◆ Problem to solve ◆
Take from the records below each line that holds "ezdxf".

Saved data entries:
====
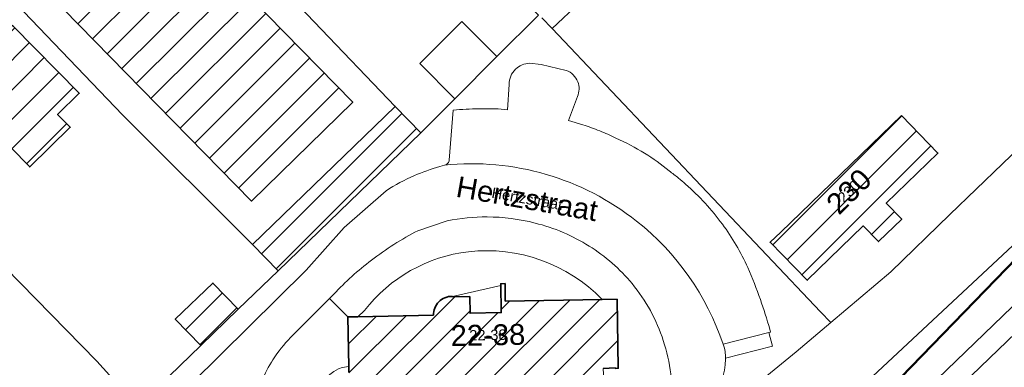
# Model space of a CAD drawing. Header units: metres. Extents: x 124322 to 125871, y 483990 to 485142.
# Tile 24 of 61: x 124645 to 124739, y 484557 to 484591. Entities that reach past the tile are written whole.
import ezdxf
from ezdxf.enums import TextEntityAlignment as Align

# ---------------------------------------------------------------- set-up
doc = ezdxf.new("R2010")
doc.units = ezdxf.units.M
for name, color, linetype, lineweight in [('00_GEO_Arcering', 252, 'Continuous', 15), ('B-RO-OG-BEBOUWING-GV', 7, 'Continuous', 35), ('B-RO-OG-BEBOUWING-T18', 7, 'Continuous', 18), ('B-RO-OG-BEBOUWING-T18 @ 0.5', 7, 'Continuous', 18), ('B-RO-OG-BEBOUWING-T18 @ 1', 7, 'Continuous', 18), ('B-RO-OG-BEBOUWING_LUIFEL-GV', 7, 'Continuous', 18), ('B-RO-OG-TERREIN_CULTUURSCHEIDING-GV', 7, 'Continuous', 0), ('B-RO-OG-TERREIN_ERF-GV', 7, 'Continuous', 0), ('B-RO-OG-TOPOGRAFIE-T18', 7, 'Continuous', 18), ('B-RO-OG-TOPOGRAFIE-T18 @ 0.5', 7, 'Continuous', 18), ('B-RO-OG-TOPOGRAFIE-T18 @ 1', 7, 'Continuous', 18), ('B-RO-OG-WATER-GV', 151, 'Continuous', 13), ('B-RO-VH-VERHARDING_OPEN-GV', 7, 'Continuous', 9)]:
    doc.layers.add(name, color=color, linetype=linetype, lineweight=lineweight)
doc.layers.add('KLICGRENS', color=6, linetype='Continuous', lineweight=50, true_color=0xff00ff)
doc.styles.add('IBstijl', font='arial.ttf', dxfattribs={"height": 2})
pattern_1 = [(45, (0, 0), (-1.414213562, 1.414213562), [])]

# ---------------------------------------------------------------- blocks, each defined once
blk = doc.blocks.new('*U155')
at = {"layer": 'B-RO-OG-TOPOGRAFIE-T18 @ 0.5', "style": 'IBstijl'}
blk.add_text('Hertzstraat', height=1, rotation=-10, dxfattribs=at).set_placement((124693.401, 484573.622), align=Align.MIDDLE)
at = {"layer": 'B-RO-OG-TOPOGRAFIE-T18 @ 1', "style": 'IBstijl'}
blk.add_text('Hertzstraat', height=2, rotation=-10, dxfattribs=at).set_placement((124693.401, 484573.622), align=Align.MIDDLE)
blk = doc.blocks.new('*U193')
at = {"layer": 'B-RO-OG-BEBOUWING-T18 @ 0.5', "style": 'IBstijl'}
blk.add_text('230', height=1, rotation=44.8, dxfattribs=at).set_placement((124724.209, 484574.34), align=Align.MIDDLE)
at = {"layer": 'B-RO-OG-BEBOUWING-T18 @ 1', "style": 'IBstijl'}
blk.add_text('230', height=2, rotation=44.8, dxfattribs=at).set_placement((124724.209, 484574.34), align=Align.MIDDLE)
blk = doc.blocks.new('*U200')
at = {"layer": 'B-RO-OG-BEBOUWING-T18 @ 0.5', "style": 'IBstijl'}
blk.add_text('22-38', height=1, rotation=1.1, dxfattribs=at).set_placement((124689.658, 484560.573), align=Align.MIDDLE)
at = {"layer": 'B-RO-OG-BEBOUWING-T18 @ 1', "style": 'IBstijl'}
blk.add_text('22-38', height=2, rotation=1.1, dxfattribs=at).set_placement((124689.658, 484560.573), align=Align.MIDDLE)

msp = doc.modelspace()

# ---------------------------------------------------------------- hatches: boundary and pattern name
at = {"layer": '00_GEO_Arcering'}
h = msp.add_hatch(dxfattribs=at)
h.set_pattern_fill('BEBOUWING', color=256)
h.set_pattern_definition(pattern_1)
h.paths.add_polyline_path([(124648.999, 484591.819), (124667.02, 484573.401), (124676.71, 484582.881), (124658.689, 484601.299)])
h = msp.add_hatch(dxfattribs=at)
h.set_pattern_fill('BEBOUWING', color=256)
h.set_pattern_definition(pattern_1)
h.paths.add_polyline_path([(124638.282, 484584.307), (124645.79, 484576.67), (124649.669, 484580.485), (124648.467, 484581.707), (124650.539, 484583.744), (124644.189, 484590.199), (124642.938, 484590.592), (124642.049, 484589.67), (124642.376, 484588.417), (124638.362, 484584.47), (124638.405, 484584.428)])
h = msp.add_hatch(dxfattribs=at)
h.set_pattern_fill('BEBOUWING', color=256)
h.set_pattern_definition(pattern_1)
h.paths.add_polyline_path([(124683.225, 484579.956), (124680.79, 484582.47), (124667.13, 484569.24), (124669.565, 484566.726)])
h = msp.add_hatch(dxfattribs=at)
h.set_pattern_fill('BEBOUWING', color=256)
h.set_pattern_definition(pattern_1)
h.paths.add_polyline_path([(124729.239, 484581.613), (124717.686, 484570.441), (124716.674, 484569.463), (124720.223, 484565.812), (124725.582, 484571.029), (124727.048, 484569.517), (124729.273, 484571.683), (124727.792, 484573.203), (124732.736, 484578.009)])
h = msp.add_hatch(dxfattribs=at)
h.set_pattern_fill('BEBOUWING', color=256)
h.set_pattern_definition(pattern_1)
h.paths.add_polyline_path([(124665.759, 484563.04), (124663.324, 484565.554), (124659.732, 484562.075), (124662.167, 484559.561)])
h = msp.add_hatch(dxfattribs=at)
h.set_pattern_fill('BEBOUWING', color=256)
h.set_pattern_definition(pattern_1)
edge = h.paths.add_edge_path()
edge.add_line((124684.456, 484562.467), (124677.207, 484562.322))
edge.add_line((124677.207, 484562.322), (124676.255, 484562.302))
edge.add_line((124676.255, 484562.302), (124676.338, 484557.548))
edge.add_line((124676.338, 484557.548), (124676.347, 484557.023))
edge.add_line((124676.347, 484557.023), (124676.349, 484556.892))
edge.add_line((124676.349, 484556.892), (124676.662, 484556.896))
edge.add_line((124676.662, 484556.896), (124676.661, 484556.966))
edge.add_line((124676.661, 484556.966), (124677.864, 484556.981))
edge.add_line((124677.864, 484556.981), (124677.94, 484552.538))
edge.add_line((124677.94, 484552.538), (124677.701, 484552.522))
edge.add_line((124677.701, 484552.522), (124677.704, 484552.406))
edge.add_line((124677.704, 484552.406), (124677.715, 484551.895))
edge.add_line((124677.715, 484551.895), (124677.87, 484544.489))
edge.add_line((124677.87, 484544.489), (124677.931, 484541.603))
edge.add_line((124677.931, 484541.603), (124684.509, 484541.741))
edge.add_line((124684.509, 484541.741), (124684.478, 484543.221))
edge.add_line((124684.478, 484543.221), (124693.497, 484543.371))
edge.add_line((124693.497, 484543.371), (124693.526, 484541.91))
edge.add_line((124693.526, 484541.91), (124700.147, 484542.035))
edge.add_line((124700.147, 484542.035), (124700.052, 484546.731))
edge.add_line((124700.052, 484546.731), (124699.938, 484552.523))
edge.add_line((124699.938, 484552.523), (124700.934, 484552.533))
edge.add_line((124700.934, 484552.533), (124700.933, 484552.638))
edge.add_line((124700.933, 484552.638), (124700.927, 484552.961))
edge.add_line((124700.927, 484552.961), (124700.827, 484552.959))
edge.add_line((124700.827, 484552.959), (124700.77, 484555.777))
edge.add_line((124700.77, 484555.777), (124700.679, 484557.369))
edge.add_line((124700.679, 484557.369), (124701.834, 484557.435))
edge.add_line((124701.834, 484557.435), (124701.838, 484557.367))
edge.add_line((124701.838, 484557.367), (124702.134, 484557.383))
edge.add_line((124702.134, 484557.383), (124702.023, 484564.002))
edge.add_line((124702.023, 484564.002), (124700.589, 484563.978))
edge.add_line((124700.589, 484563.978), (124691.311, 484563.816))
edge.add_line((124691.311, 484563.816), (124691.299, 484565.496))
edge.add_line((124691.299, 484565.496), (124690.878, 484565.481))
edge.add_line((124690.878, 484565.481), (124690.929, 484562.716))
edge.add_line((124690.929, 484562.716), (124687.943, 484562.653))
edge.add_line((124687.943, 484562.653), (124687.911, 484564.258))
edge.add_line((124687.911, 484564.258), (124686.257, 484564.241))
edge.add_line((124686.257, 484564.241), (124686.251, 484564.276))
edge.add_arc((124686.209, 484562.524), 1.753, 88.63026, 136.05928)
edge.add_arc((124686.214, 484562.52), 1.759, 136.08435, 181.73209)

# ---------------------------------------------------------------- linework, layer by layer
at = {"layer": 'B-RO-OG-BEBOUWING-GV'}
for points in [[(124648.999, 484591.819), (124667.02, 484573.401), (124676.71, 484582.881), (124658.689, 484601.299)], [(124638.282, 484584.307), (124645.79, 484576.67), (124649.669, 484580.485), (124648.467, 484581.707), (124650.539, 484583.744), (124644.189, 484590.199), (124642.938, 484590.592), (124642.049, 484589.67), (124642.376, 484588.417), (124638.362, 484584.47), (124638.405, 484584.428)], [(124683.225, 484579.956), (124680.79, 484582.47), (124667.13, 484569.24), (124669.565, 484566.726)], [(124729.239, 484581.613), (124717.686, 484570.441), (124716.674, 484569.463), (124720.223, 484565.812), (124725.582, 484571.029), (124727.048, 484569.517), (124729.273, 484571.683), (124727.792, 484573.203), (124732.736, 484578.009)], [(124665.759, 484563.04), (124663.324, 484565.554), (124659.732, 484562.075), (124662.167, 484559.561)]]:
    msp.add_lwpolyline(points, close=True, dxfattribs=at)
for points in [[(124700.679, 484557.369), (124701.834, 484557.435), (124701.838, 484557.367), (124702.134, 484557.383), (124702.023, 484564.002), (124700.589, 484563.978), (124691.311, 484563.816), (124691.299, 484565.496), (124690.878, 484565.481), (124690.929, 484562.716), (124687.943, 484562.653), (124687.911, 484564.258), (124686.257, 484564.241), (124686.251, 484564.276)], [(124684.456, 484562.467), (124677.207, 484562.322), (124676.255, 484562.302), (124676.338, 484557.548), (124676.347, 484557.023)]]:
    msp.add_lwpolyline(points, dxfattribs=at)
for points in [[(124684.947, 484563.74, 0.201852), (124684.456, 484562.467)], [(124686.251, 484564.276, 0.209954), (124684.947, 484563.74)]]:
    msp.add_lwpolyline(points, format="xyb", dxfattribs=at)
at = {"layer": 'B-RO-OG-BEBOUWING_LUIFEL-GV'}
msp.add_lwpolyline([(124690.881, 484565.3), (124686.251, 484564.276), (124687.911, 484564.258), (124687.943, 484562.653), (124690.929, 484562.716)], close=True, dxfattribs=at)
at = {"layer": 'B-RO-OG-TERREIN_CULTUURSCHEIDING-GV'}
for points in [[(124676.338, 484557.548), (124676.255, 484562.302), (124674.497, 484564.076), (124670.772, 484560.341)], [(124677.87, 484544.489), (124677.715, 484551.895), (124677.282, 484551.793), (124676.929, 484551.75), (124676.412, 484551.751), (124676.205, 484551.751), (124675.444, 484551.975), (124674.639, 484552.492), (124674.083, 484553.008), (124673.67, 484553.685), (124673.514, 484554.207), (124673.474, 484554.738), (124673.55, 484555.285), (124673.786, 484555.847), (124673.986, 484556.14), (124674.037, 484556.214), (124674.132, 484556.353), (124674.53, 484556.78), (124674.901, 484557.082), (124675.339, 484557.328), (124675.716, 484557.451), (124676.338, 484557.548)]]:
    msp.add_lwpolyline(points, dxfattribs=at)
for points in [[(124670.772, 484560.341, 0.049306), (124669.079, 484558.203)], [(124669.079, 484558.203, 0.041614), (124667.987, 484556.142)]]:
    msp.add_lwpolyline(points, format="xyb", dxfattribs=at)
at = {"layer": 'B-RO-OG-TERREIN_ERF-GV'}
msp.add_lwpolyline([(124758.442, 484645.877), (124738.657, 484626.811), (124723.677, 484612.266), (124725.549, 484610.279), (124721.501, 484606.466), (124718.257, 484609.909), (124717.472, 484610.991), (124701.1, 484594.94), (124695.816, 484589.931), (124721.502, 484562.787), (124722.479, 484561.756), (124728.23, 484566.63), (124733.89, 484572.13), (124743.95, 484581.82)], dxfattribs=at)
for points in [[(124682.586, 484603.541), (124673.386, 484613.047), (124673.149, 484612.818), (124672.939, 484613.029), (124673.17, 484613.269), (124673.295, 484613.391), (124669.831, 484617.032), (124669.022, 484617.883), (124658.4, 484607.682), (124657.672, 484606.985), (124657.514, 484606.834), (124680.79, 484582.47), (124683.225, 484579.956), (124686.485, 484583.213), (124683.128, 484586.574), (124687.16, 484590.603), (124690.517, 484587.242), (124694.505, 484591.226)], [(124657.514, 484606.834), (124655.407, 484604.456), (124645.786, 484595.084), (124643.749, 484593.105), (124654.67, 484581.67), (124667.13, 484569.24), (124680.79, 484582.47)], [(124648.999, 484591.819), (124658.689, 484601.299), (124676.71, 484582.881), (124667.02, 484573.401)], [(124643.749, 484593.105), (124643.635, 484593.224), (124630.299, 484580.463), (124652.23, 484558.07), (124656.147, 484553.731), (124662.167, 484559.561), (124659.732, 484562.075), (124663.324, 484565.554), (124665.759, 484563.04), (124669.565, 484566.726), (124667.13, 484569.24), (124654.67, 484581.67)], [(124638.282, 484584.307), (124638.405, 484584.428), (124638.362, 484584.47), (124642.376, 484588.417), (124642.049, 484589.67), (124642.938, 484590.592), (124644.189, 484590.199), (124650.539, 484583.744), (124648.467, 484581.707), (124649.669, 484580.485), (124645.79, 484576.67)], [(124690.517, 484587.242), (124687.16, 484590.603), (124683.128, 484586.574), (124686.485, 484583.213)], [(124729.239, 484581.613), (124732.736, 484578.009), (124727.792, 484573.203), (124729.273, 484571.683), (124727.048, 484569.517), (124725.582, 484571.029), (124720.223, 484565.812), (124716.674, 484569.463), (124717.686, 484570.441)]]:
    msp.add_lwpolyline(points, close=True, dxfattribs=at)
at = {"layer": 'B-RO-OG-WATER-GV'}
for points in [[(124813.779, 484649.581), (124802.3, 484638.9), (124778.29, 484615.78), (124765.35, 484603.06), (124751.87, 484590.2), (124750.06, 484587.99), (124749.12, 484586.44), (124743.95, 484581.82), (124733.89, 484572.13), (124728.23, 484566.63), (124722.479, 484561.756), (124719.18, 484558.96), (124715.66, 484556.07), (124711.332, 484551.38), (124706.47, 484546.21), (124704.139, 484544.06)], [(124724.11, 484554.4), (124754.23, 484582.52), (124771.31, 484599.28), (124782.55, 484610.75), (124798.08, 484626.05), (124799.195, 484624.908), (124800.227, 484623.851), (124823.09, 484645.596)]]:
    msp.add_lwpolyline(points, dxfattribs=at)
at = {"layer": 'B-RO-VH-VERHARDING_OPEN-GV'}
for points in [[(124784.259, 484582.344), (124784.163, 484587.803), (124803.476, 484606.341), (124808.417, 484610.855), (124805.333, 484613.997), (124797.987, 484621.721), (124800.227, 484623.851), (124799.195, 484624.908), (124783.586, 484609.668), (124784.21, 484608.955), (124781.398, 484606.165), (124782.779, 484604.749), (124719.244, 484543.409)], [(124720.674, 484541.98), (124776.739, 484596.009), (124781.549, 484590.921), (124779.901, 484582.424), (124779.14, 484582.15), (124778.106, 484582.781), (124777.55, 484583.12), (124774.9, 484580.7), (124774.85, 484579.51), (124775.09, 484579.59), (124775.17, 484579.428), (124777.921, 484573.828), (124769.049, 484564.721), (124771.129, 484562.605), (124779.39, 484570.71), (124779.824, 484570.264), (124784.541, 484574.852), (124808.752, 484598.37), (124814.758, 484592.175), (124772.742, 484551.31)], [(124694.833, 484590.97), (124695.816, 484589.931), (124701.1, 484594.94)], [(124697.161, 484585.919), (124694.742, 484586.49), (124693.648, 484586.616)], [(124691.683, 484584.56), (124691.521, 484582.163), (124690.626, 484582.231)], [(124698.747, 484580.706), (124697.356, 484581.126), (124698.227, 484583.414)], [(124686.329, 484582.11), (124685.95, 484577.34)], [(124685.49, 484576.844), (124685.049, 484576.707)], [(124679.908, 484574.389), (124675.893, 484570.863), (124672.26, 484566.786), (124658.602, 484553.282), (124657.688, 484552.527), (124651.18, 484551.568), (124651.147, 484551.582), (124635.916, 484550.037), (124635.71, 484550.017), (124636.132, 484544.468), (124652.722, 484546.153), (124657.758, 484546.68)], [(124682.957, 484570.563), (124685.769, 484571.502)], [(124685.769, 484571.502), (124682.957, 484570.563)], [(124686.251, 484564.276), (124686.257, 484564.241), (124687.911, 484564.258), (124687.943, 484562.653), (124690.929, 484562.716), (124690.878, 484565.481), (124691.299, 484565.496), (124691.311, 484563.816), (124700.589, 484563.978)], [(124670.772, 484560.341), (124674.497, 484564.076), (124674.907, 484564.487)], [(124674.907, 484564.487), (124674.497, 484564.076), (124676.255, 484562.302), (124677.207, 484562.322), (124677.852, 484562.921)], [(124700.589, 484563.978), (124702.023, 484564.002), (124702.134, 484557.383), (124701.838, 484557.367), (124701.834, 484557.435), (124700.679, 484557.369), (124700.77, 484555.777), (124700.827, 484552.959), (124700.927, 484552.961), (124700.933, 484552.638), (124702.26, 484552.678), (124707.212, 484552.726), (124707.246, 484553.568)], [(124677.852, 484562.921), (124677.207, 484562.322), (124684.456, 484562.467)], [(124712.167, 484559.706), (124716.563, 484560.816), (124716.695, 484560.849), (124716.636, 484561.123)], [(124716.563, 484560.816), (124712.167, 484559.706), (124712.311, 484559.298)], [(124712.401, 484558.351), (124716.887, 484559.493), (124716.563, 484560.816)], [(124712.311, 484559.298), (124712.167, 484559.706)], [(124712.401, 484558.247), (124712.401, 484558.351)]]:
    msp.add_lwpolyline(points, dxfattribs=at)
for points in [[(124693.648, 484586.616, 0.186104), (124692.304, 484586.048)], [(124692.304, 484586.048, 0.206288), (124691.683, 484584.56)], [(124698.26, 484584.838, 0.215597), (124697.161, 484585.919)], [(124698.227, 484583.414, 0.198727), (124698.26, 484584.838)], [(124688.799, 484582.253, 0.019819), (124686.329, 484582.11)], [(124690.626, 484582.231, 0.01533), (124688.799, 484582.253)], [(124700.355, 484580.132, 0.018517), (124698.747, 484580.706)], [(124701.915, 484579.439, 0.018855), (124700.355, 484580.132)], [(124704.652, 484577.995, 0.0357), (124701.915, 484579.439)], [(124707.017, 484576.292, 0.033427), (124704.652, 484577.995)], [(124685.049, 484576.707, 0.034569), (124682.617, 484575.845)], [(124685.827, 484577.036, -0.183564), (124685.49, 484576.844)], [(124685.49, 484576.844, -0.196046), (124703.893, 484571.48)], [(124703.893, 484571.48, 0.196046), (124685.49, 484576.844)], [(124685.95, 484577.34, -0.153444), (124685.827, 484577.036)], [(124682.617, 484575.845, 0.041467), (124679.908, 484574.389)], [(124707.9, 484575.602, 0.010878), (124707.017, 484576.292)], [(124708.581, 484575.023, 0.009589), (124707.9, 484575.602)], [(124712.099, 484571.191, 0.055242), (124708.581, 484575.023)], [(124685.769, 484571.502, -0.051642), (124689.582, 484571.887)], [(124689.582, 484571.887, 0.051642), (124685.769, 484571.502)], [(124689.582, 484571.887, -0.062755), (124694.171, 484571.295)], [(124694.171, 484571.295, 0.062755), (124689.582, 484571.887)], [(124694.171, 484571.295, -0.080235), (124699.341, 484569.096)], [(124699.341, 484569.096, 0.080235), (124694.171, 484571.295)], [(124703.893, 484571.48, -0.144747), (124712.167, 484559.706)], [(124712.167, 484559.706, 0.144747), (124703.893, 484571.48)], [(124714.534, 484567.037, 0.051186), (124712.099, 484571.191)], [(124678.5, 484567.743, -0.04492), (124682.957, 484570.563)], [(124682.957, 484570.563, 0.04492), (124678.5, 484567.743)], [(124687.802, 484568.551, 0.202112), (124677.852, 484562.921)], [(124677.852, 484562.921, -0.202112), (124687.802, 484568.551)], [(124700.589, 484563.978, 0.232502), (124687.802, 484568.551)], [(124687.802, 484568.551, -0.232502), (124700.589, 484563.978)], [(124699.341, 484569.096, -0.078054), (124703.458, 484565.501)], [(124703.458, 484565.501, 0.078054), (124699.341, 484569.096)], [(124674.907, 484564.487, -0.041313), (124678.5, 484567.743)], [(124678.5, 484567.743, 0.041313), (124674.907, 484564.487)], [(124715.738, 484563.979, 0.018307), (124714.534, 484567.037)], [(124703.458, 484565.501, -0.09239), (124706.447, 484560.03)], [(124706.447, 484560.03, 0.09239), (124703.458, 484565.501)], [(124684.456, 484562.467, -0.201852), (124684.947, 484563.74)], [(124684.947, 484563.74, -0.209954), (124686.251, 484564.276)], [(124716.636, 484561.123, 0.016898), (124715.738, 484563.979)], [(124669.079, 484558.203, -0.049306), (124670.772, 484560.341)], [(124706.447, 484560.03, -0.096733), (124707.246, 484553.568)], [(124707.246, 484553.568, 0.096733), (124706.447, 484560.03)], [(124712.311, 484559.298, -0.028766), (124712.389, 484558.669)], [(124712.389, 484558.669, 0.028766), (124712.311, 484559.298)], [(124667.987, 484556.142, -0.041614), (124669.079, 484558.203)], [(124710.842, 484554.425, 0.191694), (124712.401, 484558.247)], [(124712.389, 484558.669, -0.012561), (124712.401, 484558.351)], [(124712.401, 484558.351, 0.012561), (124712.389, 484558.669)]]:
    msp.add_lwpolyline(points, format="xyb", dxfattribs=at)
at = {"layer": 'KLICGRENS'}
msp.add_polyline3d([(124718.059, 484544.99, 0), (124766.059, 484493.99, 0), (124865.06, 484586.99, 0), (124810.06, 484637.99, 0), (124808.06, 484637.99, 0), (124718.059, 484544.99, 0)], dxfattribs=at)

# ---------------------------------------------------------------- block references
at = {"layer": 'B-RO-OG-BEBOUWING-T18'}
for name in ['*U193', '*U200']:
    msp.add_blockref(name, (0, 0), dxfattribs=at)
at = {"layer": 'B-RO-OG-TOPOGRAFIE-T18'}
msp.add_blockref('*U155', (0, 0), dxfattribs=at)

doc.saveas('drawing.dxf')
====
◆ Your response ◆
import ezdxf
from ezdxf.enums import TextEntityAlignment as Align
doc = ezdxf.new("R2010")
doc.units = ezdxf.units.M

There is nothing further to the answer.